Vale lembrar que a relação professor-aluno forma uma unidade; por isso, deve-se também ressaltar que as experiências vividas em sala de aula não são resultantes apenas daquelas vividas pelos alunos, mas também daquilo que os professores experimentam em seu cotidiano:

“O professor e o aluno constituem um par unitário, indivisível, quando analisamos o que ocorre em sala de aula. A aprendizagem é resultado desse encontro. A pergunta a ser feita é: quais comportamentos ocorrem nesse encontro, em quais situações, para termos esse resultado? A análise, a avaliação do comportamento do aluno precisa levar em conta as situações em que ocorre. Qualquer análise que separe essa unidade professor- aluno-situação perde o sentido e passa a falar de abstrações que nada têm a ver com a experiência concreta do dia-a-dia.” (Mahoney, 2003)

Com relação à unidade da relação professor-aluno, é válido dizer que, no mesmo sentido de círculo vicioso, não são só os professores que contagiam os alunos com sentimentos de mal-estar, mas o inverso também é verdadeiro. Nesta pesquisa, de maneira tímida, os adolescentes assumiram que nem sempre o mal- estar é responsabilidade do professor, que quer ensinar em algumas circunstâncias, mas eles não estão com disposição para prestar atenção, além de terem atitudes que provocam o docente e que precisam melhorar nisso:

Vocês deixam ele estressado, ficam conversando. (menino)

Às vezes é por conta própria mesmo. Não adianta querer colocar toda a culpa no professor. Às vezes o professor tá com vontade de passar a lição, a gente fica lá bagunçando. (menina)

Às vezes a gente não tá com vontade. (menino) Ou só quer ficar conversando! (menino)

Tenho dificuldade de me concentrar, fico olhando, olhando pra lousa e não consigo entender nada, falto muito na aula, fico conversando. (menino)

A análise feita por Wallon, sobre o contágio das emoções, aponta para a importância do professor: seus medos, sua segurança, seu amor pelo

conhecimento, entre outros sentimentos. Na unicidade do relacionamento dialético que se estabelece em sala de aula, em determinado momento, é difícil separar a causa e o efeito do mal-estar, mesmo porque a causa se torna efeito e o efeito, causa. No entanto, é responsabilidade do professor estar consciente da dimensão afetiva que está sempre presente na relação professor-aluno, administrando e potencializando a aprendizagem, a partir das necessidades afetivas dos adolescentes.

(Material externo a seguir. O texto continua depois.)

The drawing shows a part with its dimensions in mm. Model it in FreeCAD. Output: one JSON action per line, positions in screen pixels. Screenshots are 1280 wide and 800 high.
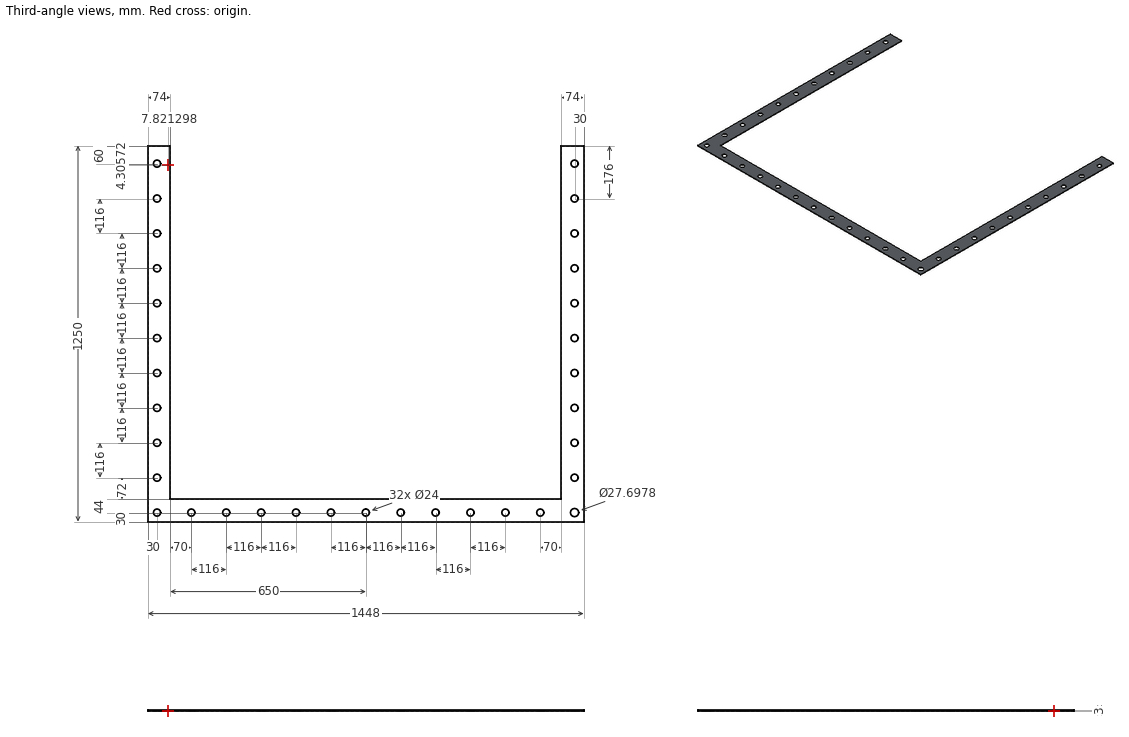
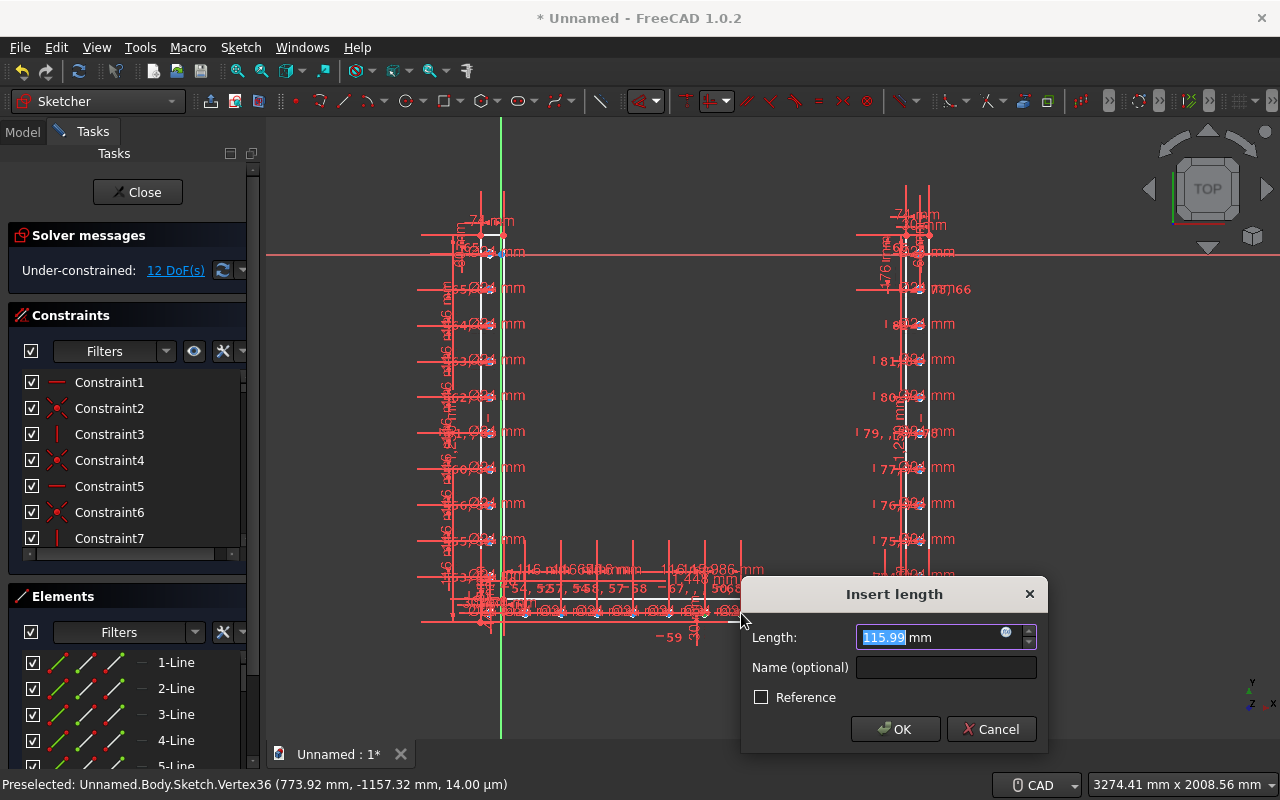
{"action": "type", "text": "116"}
{"action": "key", "text": "Return"}

Apesar da necessidade do educador aprimorar seus conhecimentos técnicos para lidar com as próprias emoções e com a dos alunos em sala de aula, o que temos visto são estatísticas que demonstram que há uma grande necessidade nesse sentido. Pesquisas vêm revelando que os professores estão sofrendo as conseqüências de grande estresse laboral. Dos 52.000 pesquisados por Codo (2000), 48% apresentam sintomas da síndrome de Burnout, um estresse laboral que pode levar à desistência da profissão. Em Belo Horizonte, uma outra pesquisa, realizada em 2007 pela Confederação Nacional dos Trabalhadores em

Educação, constatou que, naquela região, 30% dos professores apresentam

sintomas dessa síndrome (Jornal Nacional, 09/04/2007). Dentre as causas mencionadas como desencadeadoras estão: pessoas submetidas constantemente a ambientes hostis; condições precárias de trabalho; constantes reformas educacionais; aceleradas mudanças sociais; baixos salários; não valorização; questões relacionadas à afetividade nas relações pedagógicas em sala de aula.

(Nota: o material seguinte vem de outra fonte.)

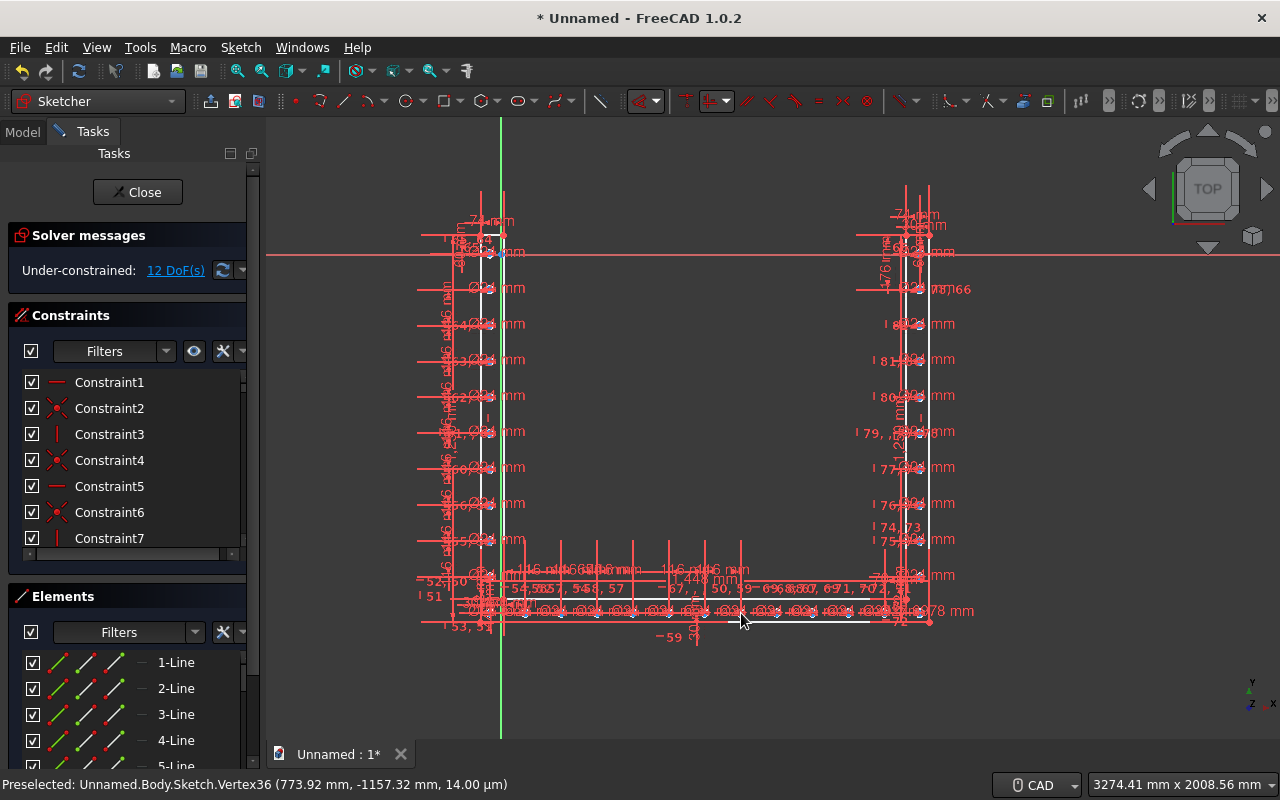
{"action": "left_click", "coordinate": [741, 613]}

Assim, é possível perceber a complexidade e a importância das relações afetivas que permeiam o processo de ensino-aprendizagem, não sendo possível fazer afirmações sem considerar o contexto mais amplo. Com base em estatísticas referentes à situação de professores e alunos da rede pública de ensino no Brasil, é possível avaliar a amplitude em que se forjam as relações em sala de aula, sem cair em um reducionismo de responsabilizar professor ou aluno pelo mal-estar vivido na escola, mas compreendendo a complexidade do quadro em que essas relações se desenvolvem.